▶ **Exercise instructions**: Below are lines of data, and only some are wanted. Please repeat exactly those from the line that has "9. power drill from (337, 544) to (879, 886)" through the line that has "15. hammer from (1340, 657) to (1627, 904)".
■ ■ ■ ■
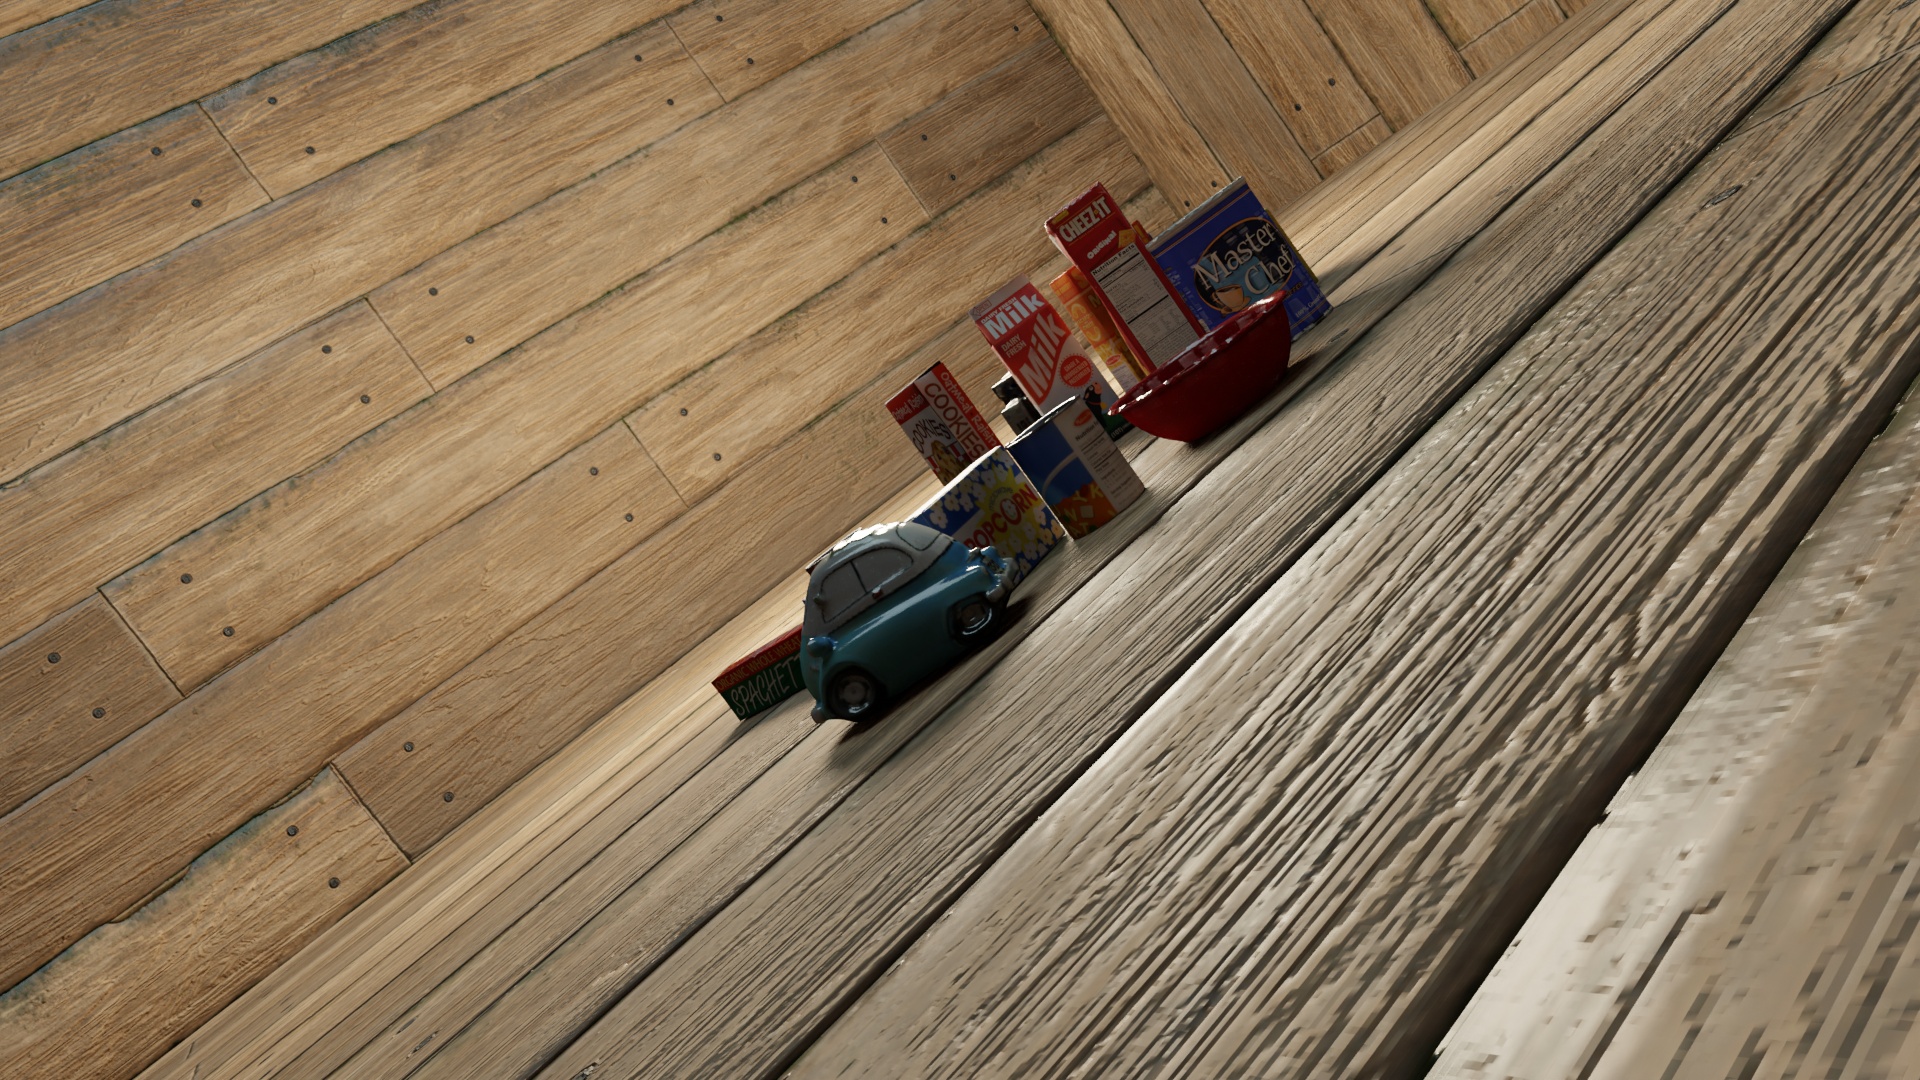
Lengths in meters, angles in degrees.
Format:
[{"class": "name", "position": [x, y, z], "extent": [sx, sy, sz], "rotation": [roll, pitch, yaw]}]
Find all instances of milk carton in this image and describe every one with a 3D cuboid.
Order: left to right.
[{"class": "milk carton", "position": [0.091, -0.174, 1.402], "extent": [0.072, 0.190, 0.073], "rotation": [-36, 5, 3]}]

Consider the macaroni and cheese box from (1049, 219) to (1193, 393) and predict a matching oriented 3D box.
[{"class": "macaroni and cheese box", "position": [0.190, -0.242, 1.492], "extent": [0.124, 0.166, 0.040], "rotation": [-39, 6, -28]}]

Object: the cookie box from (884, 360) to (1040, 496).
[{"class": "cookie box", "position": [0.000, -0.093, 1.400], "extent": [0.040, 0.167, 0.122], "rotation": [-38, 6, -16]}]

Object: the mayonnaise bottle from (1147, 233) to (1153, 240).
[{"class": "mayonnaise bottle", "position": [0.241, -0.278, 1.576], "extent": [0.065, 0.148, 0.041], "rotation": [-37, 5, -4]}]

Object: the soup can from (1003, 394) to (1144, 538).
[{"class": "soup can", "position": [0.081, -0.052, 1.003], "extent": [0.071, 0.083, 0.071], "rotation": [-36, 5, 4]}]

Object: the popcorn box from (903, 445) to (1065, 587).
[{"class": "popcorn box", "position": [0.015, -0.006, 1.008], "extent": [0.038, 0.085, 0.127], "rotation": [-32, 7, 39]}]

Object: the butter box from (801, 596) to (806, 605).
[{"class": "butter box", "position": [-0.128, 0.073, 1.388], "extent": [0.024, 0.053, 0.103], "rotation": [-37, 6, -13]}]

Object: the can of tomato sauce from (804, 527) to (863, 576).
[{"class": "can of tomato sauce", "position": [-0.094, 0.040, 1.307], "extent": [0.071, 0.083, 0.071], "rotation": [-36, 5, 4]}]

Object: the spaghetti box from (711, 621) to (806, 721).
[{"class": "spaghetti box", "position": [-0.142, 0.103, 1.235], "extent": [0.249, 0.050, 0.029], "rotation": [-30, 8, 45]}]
■ ■ ■ ■
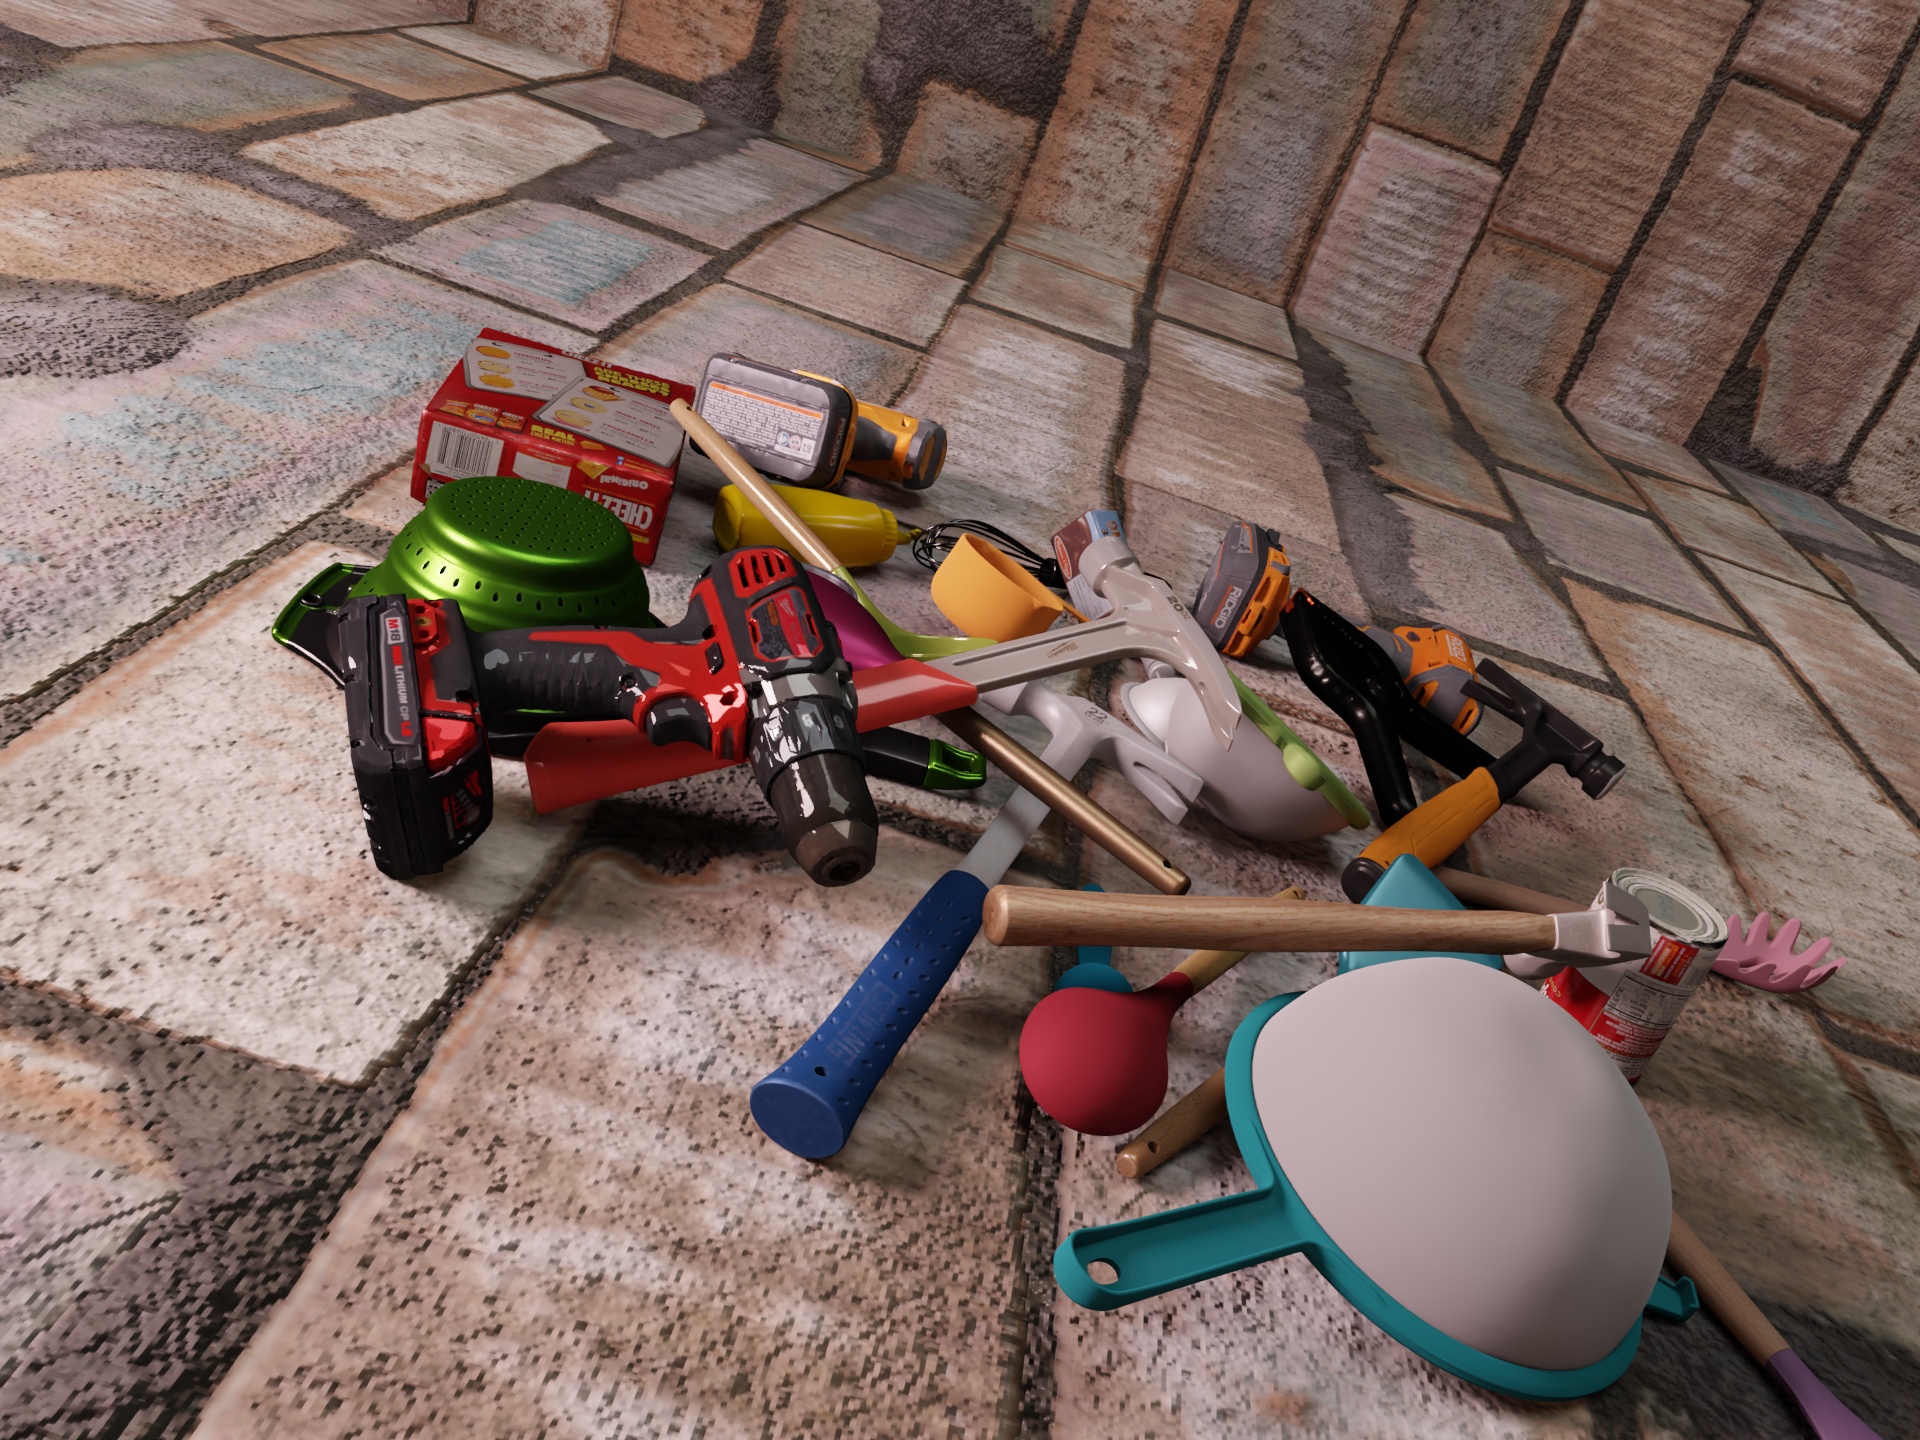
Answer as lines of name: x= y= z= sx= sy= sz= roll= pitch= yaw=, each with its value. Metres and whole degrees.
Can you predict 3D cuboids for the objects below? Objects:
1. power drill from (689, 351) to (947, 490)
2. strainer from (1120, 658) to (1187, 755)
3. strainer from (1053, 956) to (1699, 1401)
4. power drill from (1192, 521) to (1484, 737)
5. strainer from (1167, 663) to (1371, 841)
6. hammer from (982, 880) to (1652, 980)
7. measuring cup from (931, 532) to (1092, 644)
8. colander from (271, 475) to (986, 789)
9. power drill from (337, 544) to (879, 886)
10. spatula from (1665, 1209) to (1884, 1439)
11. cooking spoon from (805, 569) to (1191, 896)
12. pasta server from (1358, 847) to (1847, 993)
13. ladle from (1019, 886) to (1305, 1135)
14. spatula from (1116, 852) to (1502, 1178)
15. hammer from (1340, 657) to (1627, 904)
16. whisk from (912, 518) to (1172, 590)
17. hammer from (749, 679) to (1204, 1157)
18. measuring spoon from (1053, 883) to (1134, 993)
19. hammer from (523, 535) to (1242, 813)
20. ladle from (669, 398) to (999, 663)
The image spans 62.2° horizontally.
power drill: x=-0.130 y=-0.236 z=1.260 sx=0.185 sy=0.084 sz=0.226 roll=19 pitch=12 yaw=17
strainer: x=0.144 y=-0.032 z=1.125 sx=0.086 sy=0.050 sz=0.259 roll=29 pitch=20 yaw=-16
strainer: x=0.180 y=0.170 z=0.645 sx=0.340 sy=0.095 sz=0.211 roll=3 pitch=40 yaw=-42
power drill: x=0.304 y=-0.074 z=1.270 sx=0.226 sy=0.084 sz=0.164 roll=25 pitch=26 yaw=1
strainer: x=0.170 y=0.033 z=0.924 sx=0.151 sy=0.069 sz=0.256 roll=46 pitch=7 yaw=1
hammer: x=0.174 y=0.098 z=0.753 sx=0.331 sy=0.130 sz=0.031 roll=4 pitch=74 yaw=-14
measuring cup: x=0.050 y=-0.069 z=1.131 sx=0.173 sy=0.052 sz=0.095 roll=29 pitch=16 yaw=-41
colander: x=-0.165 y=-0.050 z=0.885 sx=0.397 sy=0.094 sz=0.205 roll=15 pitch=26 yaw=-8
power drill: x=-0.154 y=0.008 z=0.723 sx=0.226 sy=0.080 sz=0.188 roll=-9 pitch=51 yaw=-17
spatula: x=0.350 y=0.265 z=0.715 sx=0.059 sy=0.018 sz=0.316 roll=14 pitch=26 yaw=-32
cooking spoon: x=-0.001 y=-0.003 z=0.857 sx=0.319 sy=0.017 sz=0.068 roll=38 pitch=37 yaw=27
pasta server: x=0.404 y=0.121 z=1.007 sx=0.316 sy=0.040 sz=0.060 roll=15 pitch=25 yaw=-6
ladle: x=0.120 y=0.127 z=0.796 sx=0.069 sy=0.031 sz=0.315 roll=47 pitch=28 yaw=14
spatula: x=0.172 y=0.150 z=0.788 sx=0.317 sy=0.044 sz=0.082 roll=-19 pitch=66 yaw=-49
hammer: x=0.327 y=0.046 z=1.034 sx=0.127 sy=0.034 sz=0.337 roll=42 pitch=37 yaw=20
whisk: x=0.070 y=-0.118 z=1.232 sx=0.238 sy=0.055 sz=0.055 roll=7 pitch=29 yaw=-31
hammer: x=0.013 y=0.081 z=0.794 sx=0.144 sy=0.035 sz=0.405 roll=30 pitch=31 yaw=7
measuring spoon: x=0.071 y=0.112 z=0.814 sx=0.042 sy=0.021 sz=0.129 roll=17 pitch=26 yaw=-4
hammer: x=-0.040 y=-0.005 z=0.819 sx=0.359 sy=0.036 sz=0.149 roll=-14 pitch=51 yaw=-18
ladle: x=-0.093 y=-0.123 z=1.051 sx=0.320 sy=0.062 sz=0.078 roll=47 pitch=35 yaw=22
■ ■ ■ ■
▶ **Solution below**:
9. power drill from (337, 544) to (879, 886)
10. spatula from (1665, 1209) to (1884, 1439)
11. cooking spoon from (805, 569) to (1191, 896)
12. pasta server from (1358, 847) to (1847, 993)
13. ladle from (1019, 886) to (1305, 1135)
14. spatula from (1116, 852) to (1502, 1178)
15. hammer from (1340, 657) to (1627, 904)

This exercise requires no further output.